The rationale behind the prohibition against nuisance candidates and the disqualification of
candidates who have not evinced a bona fide intention to run for office is easy to divine. The
State has a compelling interest to ensure that its electoral exercises are rational, objective, and
orderly. Towards this end, the State takes into account the practical considerations in conducting
elections. Inevitably, the greater the number of candidates, the greater the opportunities for
logistical confusion, not to mention the increased allocation of time and resources in preparation
for the election. The organization of an election with bona fide candidates standing is onerous
enough. To add into the mix candidates with no serious intentions or capabilities to run a viable
campaign would actually impair the electoral process. This is not to mention the candidacies
which are palpably ridiculous so as to constitute a one-note joke. The poll body would be bogged
by irrelevant minutiae covering every step of the electoral process, most probably posed at the
instance of these nuisance candidates. It would be a senseless sacrifice on the part of the State.

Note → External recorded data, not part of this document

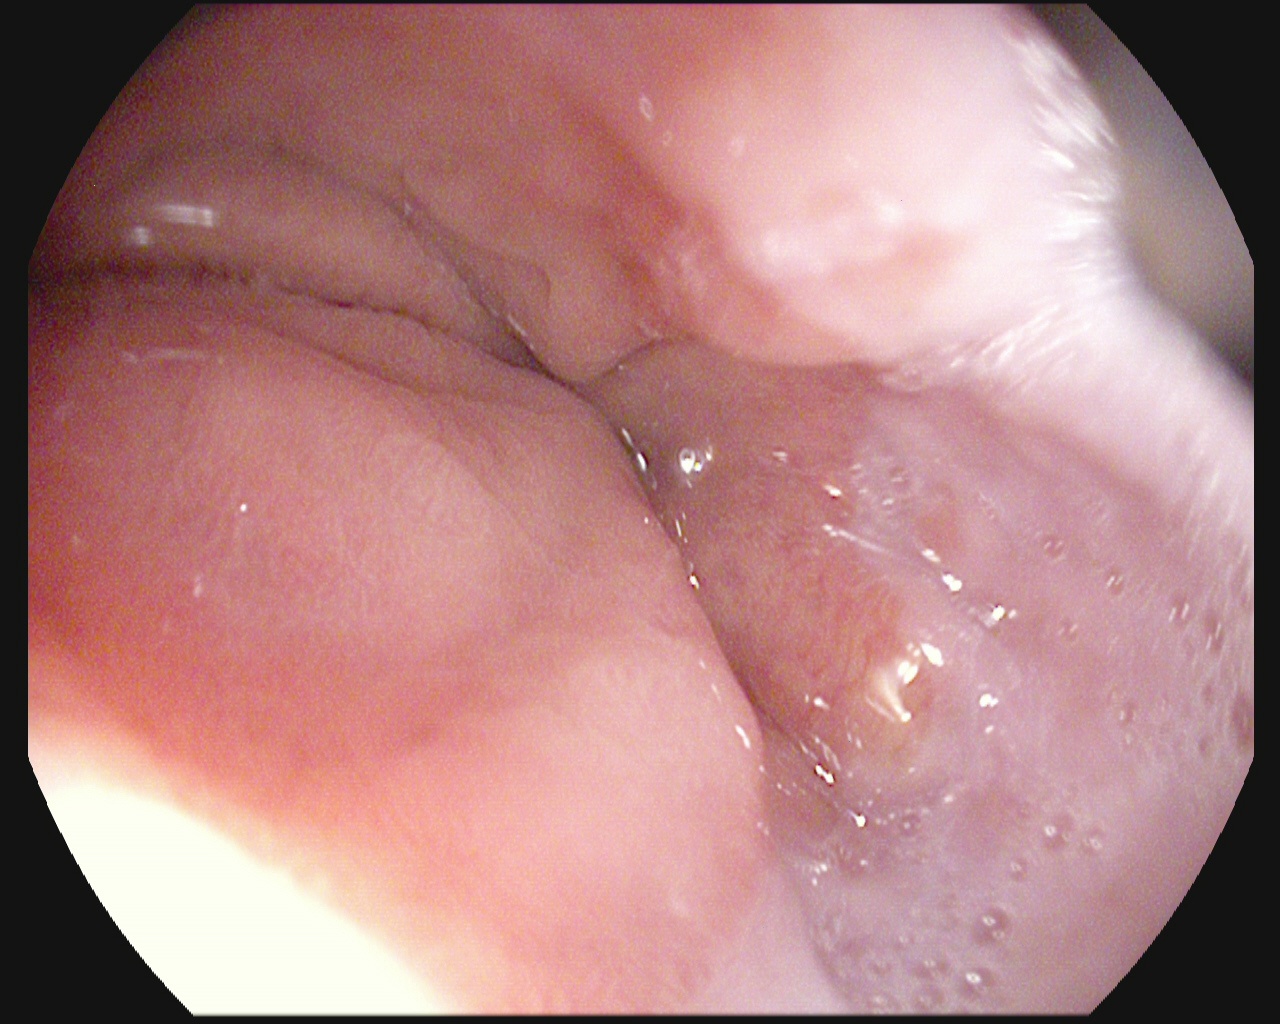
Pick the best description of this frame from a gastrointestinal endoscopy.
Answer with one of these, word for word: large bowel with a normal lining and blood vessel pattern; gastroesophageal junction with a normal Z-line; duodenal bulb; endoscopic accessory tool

gastroesophageal junction with a normal Z-line
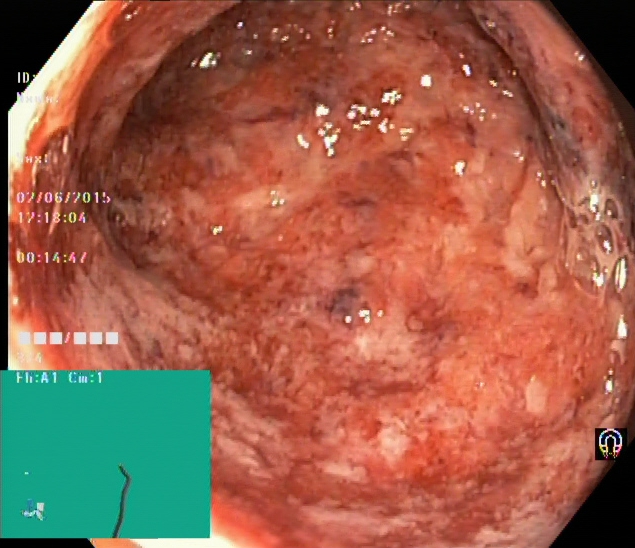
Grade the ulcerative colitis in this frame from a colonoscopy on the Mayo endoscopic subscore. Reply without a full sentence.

ulcerative colitis, Mayo endoscopic subscore 3
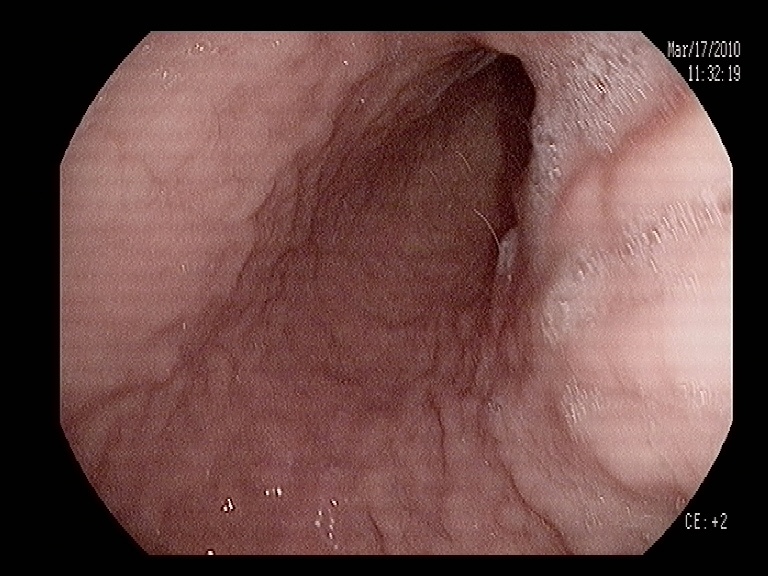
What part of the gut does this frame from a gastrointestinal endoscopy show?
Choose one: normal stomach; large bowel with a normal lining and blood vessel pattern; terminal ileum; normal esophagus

normal stomach
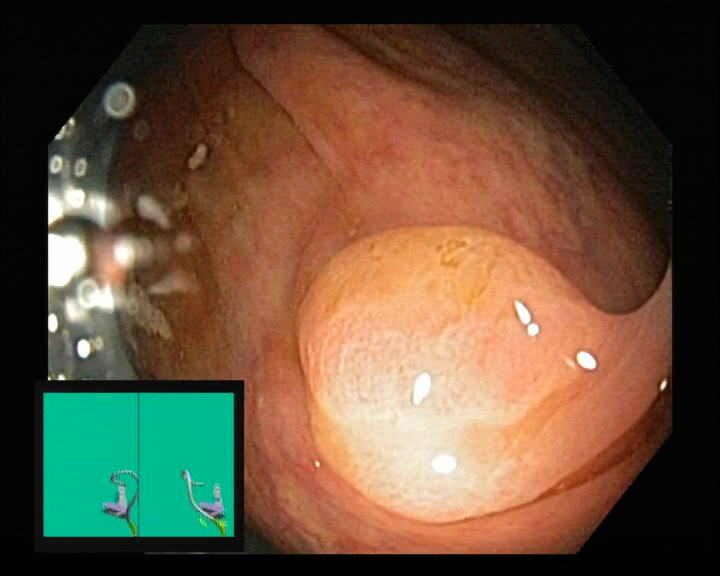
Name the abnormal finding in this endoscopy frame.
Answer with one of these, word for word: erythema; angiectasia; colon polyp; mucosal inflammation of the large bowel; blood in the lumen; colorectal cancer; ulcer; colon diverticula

colon polyp
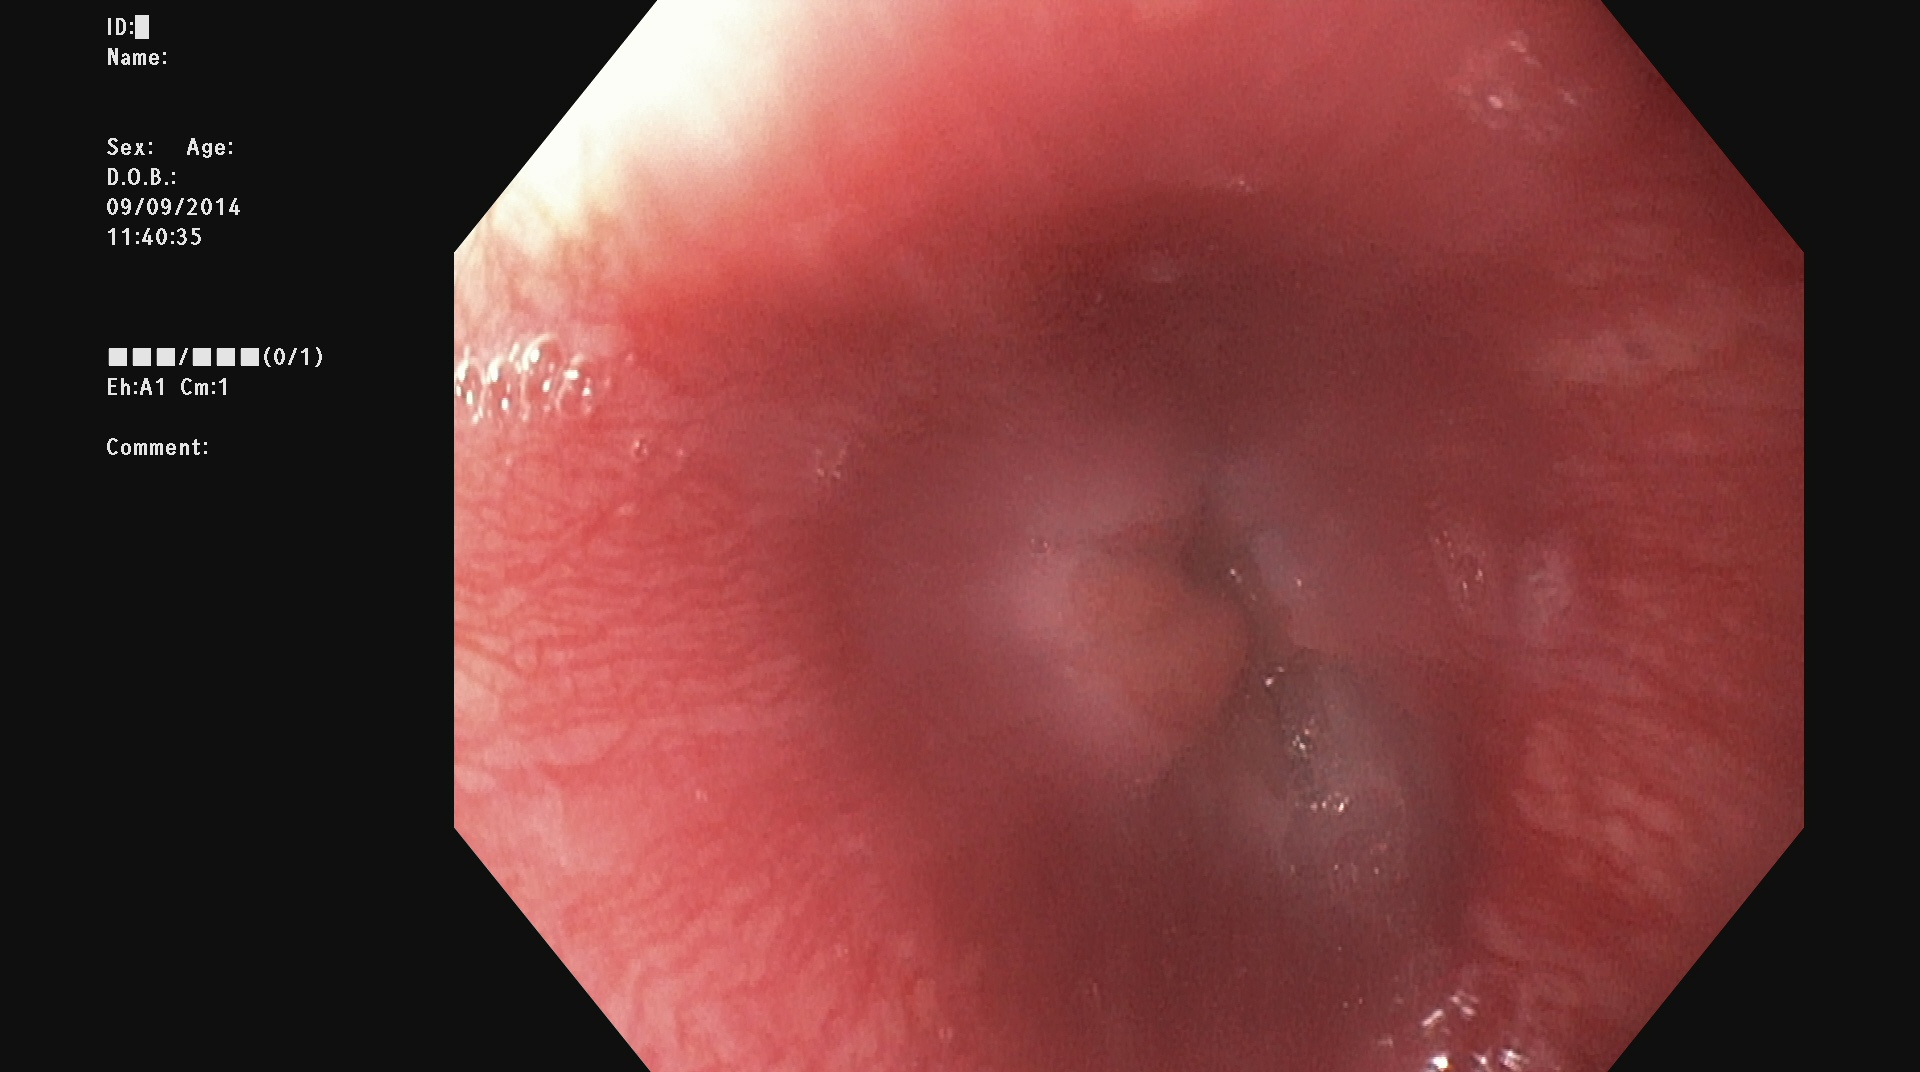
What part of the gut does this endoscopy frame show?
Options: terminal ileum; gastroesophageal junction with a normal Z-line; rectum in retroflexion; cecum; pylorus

The question of whether a candidate is a nuisance candidate or not is both legal and factual. The
basis of the factual determination is not before this Court. Thus, the remand of this case for the
reception of further evidence is in order. The SC remanded to the COMELEC for the reception of
further evidence, to determine the question on whether petitioner Elly Velez Lao Pamatong is a
nuisance candidate as contemplated in Section 69 of the Omnibus Election Code.